**YOUR OBJECTIVE:** Here the job is to print all of the entries below verbatim and leave out any picture.

Stored dataset items:
++++
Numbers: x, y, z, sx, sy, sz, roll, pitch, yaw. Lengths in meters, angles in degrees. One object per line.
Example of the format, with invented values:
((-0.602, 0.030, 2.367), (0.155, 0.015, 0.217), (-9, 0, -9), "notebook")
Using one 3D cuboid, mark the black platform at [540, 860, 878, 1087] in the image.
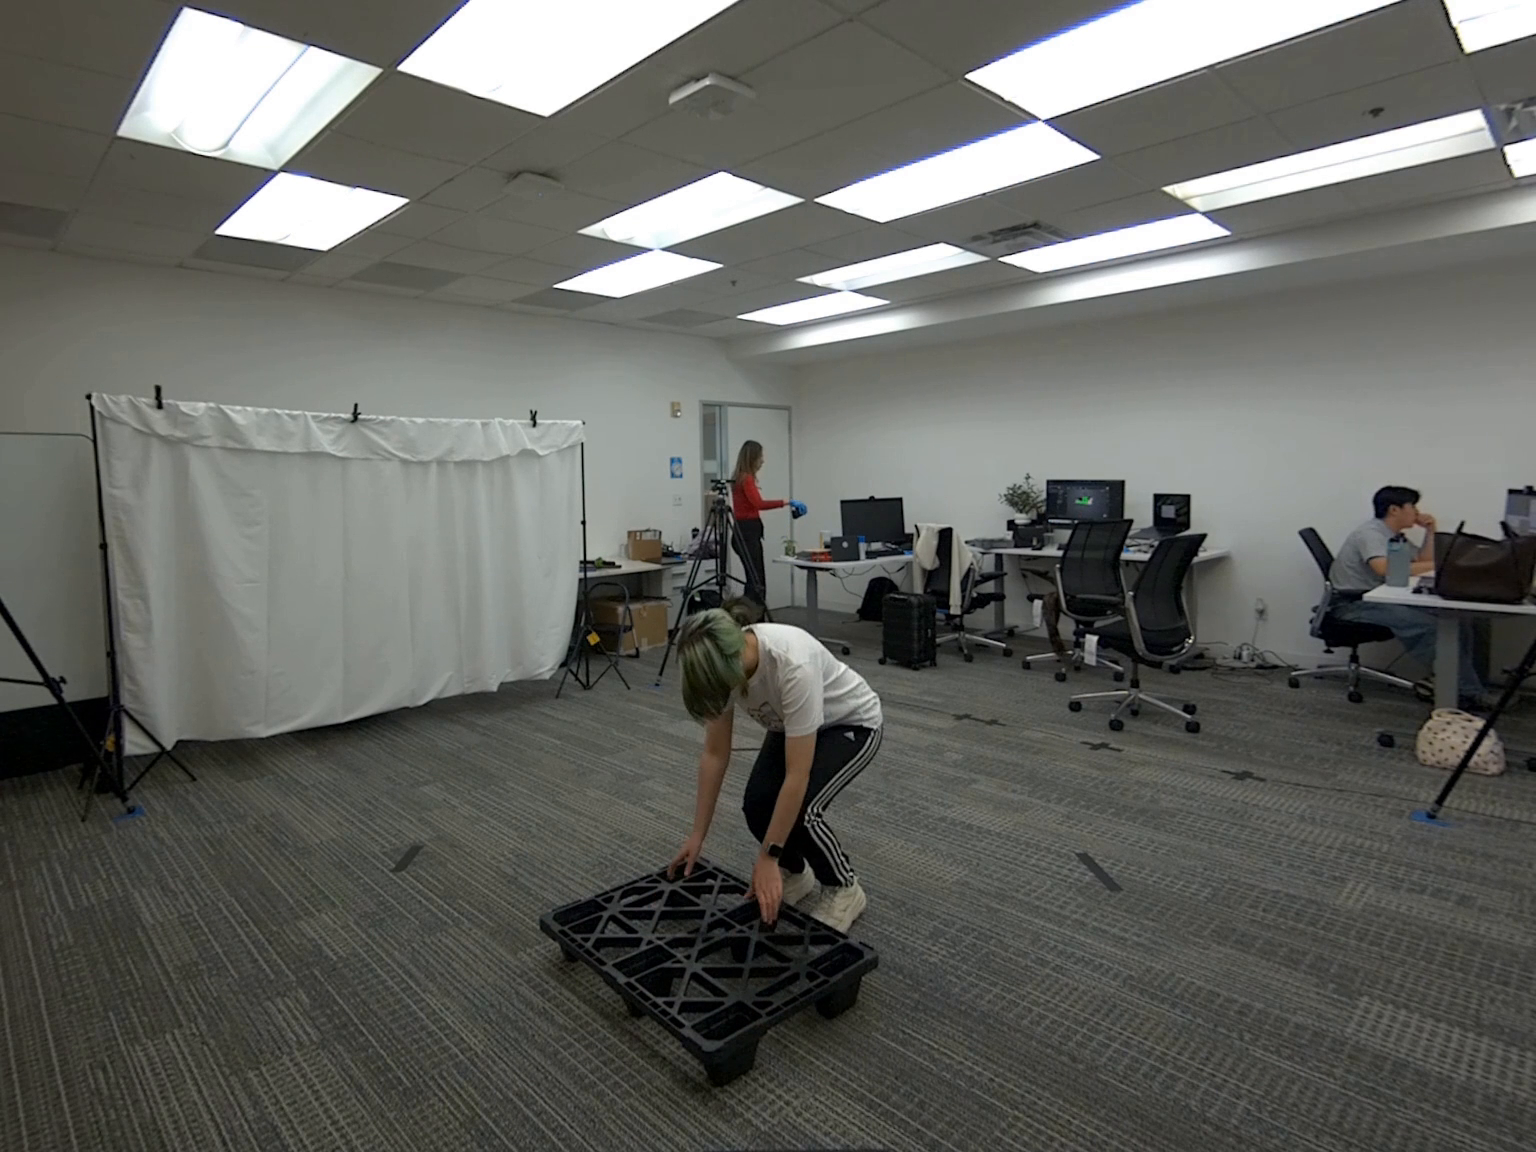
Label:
((-0.186, 1.070, 2.402), (0.589, 0.142, 0.831), (-6, 8, -41), "black platform")
++++
**TASK ANSWER:**
Numbers: x, y, z, sx, sy, sz, roll, pitch, yaw. Lengths in meters, angles in degrees. One object per line.
Example of the format, with invented values:
((-0.602, 0.030, 2.367), (0.155, 0.015, 0.217), (-9, 0, -9), "notebook")
Using one 3D cuboid, mark the black platform at [540, 860, 878, 1087] in the image.
Label:
((-0.186, 1.070, 2.402), (0.589, 0.142, 0.831), (-6, 8, -41), "black platform")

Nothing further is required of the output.